### Task details
If pictures appear in the lines below, skip them and copy exactly the lines from the one containing "Does Khaki have the minimum" through the one containing "Answer yes or no. No. Does Purple", and nothing else.
[Opening Records provided section]
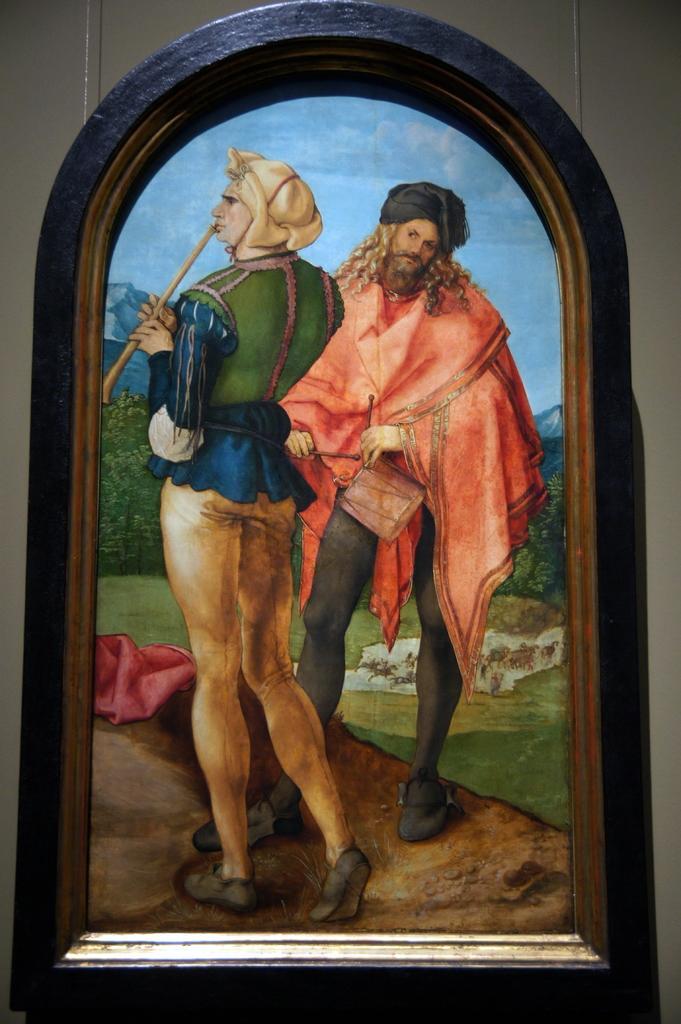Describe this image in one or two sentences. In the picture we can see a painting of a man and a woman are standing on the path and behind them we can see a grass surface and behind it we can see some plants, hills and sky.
[Closing Records provided section]
[Opening Records provided section]
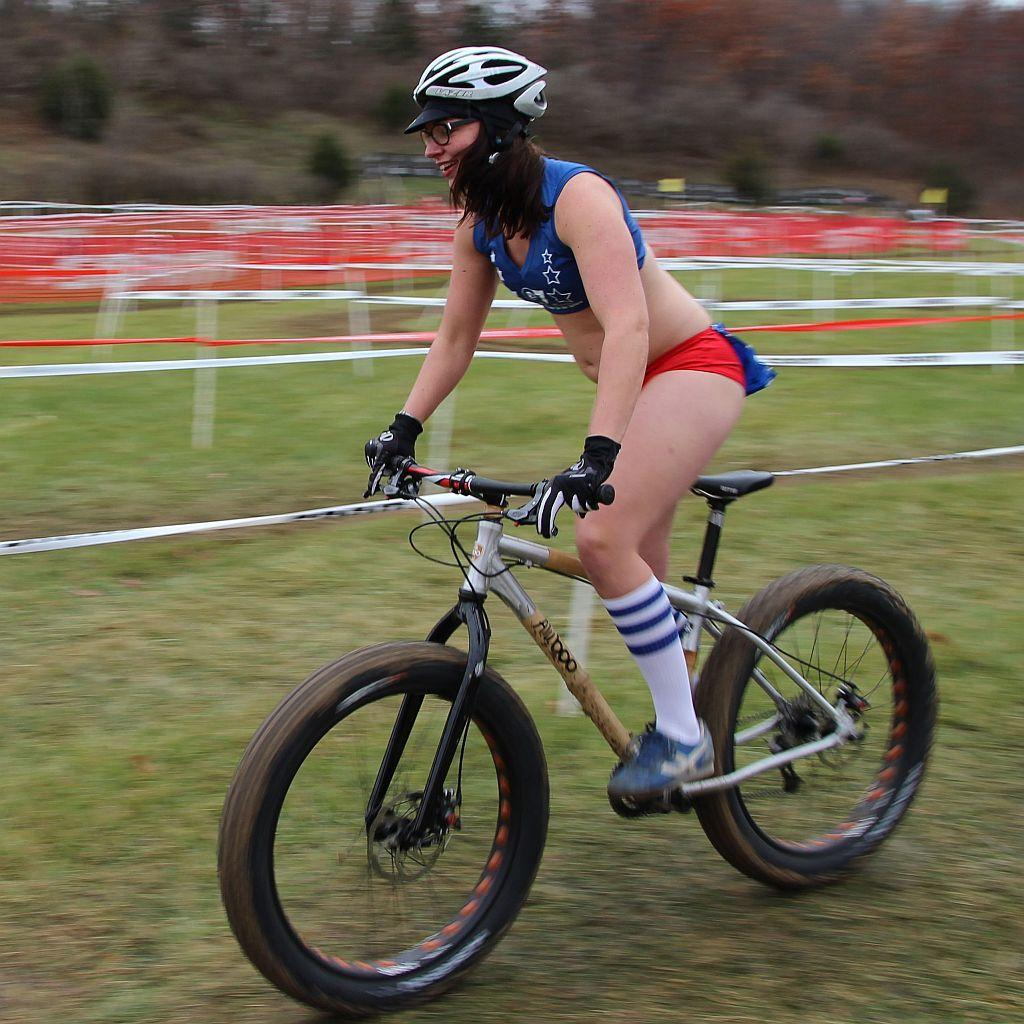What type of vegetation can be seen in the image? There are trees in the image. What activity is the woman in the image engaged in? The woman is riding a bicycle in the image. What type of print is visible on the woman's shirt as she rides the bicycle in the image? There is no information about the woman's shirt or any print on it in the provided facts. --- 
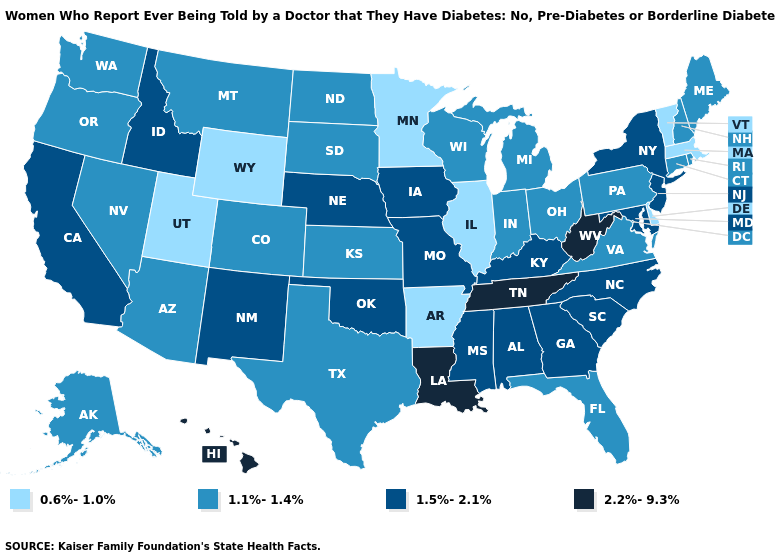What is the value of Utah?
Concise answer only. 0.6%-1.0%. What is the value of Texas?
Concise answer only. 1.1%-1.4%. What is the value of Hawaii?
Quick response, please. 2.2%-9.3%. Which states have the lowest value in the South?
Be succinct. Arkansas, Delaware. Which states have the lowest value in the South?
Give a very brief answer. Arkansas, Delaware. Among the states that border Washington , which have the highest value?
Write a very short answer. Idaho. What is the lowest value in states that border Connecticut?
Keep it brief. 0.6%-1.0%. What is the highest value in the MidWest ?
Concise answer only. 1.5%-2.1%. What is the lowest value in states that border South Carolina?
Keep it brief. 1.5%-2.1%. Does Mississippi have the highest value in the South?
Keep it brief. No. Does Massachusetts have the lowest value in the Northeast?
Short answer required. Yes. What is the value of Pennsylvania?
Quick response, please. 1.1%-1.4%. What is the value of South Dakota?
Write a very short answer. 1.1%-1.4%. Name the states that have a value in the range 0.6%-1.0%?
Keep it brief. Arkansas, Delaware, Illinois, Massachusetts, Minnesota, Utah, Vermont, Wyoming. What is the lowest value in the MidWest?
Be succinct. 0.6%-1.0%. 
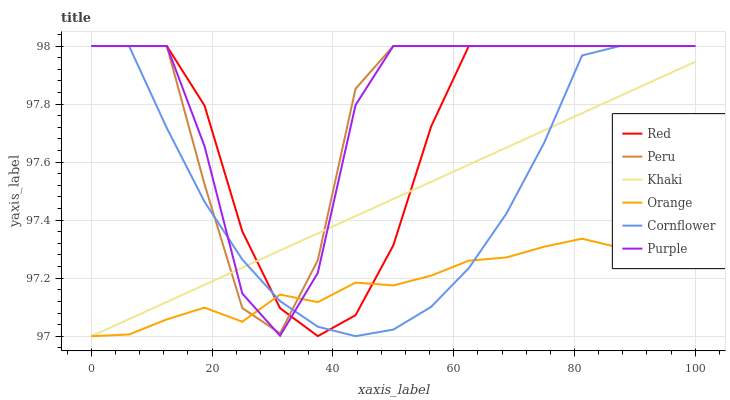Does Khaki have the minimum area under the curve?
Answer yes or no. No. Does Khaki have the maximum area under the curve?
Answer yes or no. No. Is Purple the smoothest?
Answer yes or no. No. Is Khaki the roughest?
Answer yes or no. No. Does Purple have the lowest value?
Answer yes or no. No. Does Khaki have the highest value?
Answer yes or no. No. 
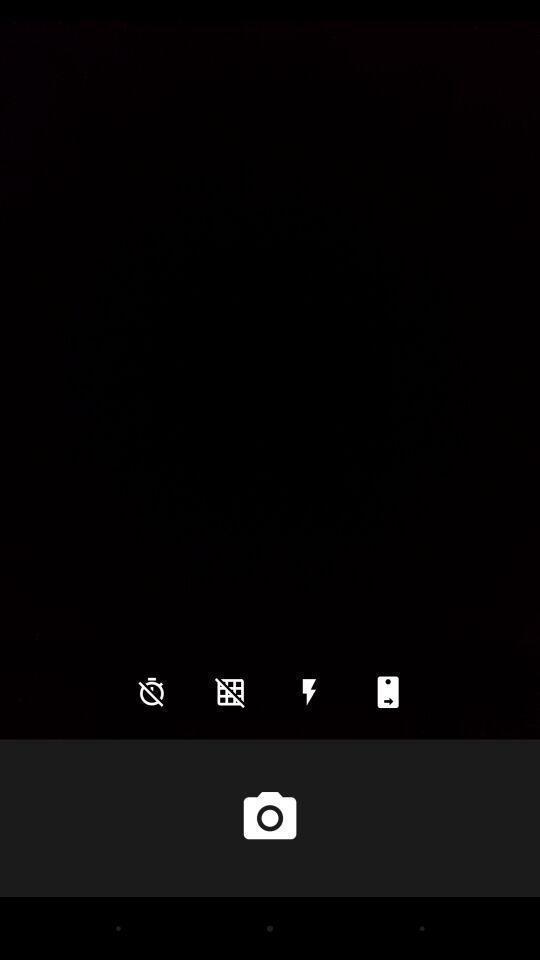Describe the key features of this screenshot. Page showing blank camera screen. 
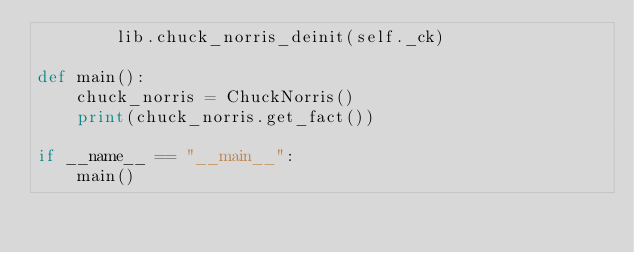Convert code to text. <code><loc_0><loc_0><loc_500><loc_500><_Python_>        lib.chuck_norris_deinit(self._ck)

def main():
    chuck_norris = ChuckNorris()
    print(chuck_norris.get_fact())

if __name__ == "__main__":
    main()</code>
[Closing Records provided section]
[Opening Records provided section]
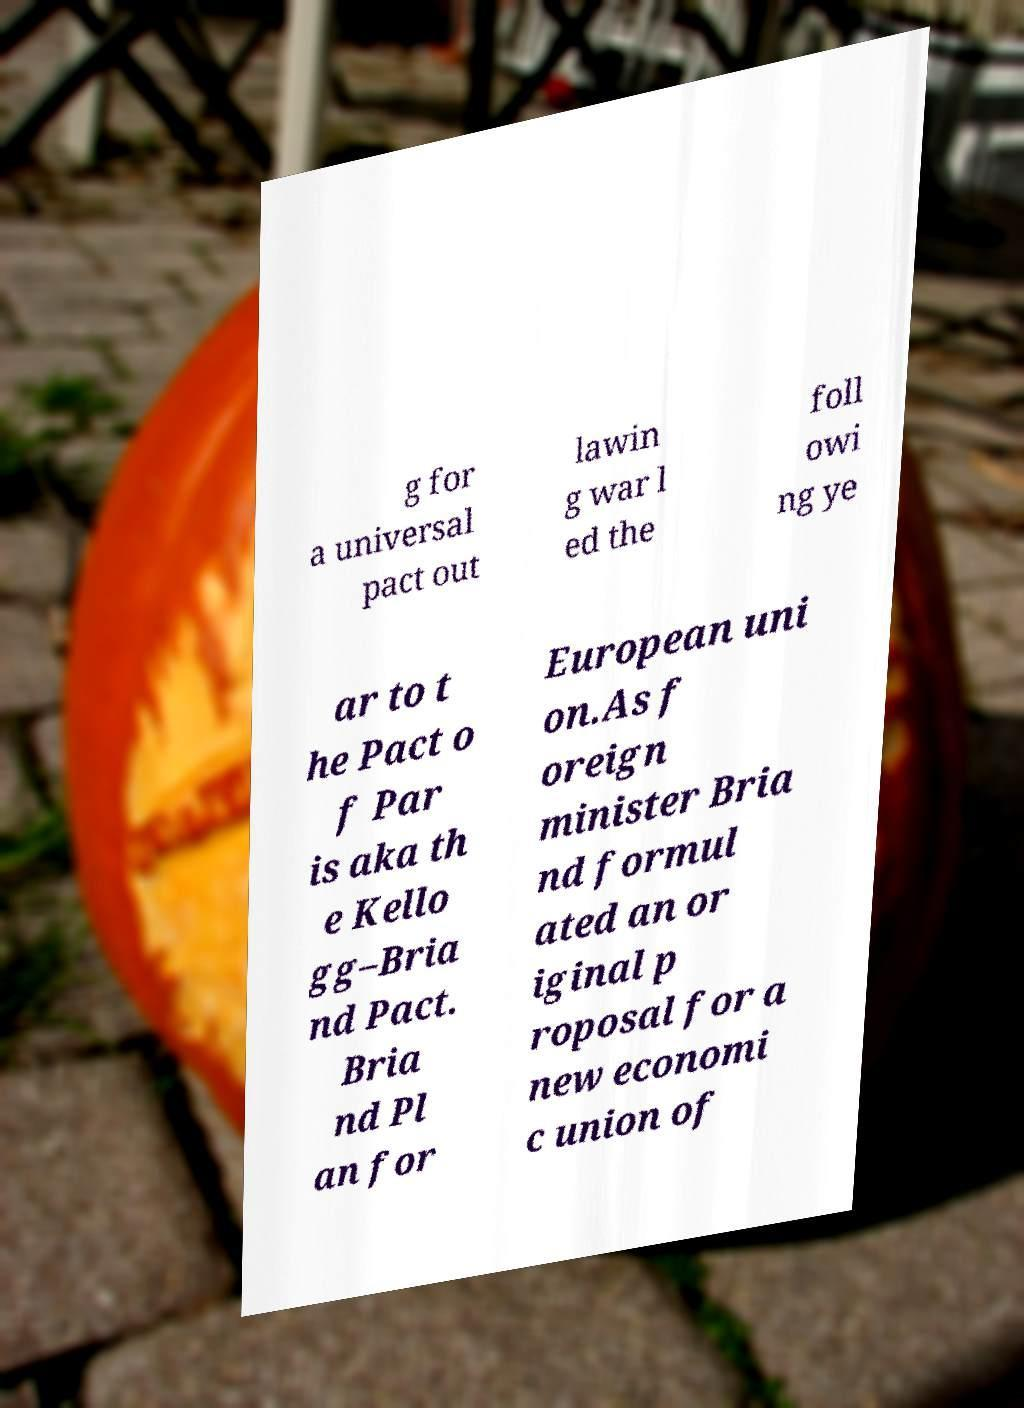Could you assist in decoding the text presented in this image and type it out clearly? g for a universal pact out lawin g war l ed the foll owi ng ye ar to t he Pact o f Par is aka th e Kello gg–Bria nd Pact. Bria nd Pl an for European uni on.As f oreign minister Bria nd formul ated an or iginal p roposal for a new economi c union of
[Closing Records provided section]
### Response to this task
Does Khaki have the minimum area under the curve?
Answer yes or no. No. Does Khaki have the maximum area under the curve?
Answer yes or no. No. Is Purple the smoothest?
Answer yes or no. No. Is Khaki the roughest?
Answer yes or no. No. Does Purple have the lowest value?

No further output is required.